Segment Start: Supplied material
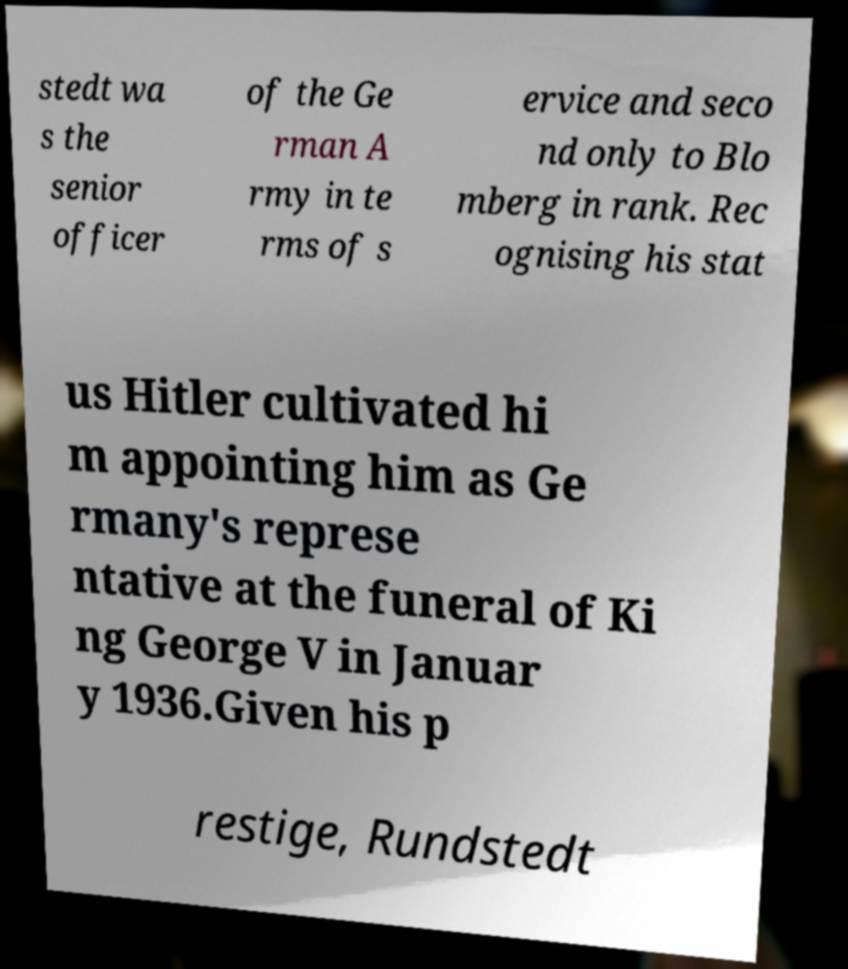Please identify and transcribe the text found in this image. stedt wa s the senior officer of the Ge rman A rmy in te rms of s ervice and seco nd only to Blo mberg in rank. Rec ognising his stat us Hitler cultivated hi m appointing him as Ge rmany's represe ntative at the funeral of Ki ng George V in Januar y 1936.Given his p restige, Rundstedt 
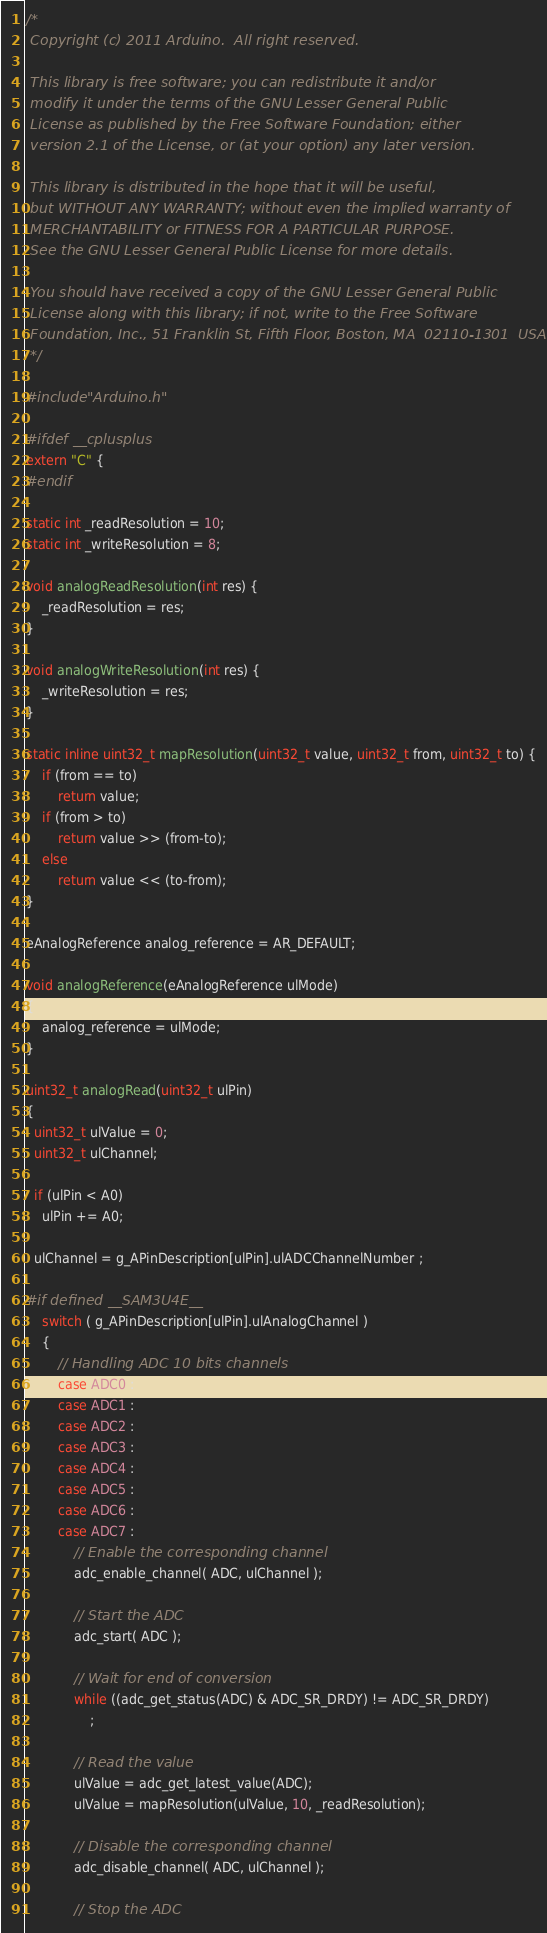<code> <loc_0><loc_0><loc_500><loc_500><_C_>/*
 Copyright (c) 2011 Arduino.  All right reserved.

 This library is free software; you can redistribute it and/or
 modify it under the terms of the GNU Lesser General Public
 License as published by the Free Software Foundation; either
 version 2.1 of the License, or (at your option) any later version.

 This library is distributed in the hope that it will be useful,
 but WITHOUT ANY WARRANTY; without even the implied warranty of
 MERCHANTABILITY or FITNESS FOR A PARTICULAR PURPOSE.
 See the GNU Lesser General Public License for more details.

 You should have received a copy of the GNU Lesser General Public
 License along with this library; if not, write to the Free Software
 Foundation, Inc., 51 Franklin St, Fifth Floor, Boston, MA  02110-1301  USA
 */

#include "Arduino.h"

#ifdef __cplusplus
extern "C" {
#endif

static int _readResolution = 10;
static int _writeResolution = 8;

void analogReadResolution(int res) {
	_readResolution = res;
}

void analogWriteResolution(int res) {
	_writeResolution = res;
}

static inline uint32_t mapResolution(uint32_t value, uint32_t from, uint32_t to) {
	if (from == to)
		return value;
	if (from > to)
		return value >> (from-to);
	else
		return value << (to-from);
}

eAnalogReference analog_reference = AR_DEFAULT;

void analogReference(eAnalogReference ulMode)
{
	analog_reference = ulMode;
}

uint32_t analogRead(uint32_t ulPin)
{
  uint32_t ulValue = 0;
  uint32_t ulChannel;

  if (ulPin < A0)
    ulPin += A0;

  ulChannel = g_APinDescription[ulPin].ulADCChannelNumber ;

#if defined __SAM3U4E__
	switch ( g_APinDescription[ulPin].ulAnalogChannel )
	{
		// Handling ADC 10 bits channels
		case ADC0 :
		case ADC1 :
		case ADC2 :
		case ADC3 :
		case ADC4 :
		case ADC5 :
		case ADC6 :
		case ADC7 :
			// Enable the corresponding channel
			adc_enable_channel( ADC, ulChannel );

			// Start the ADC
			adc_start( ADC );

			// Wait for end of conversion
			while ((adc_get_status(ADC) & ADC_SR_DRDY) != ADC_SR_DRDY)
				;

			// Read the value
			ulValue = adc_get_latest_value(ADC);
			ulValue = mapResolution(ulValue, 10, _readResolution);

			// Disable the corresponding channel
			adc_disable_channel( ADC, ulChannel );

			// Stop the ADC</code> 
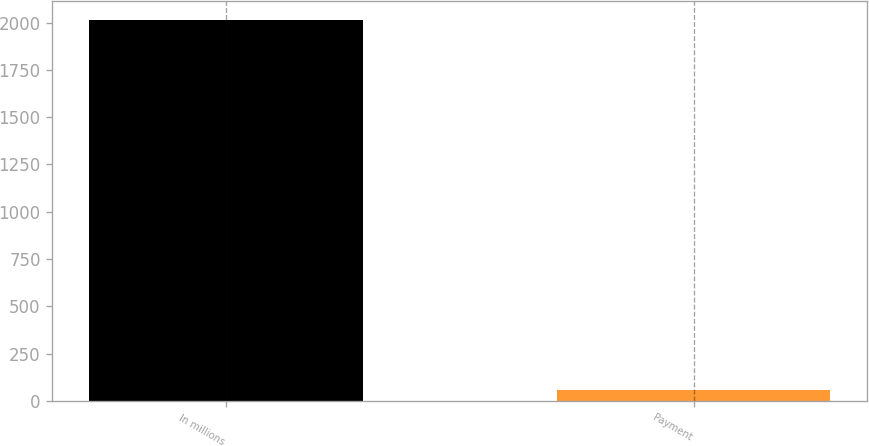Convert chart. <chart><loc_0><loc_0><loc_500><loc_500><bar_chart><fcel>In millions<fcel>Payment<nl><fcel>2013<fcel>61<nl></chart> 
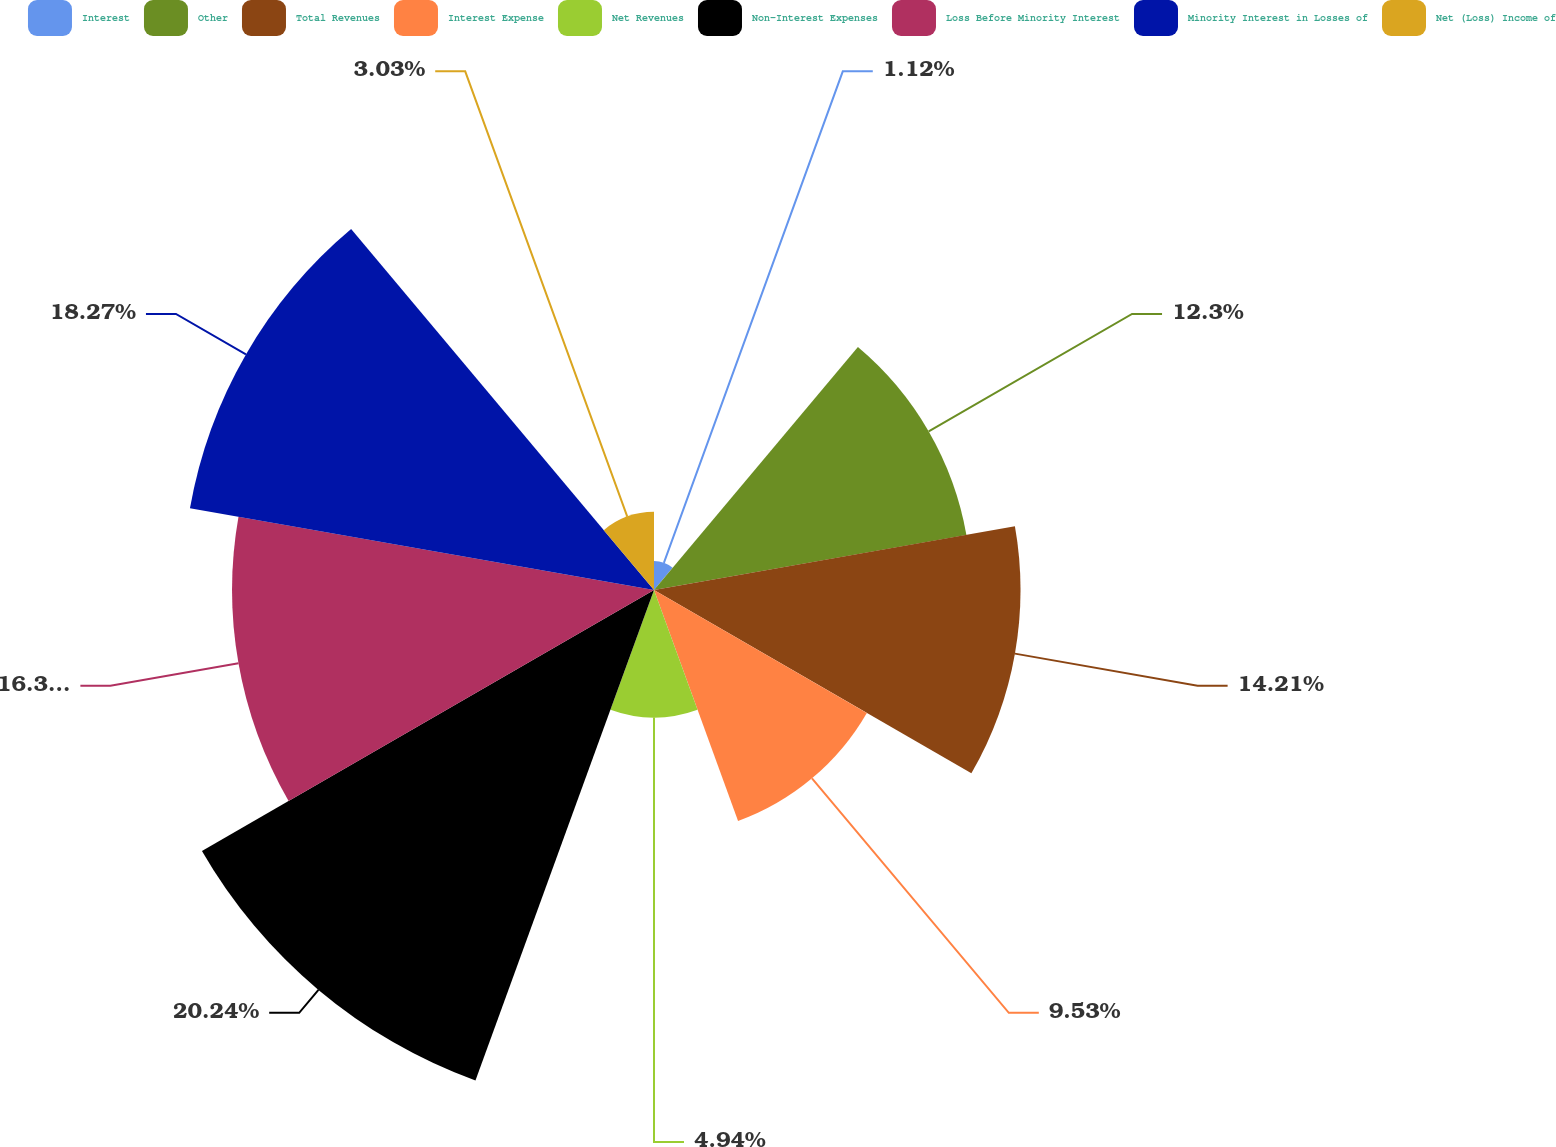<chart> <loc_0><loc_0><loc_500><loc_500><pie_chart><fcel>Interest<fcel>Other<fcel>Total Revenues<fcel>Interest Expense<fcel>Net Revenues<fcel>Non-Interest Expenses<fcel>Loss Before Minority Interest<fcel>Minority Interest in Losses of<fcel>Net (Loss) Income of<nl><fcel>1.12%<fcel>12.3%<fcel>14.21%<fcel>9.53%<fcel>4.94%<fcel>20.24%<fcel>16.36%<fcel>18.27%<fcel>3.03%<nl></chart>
Segment End: Supplied material
_Exercise instructions_.
Which lines of the records hold the string "return"? Copy each one.

_Response to the task_.
		return value;
		return value >> (from-to);
		return value << (to-from);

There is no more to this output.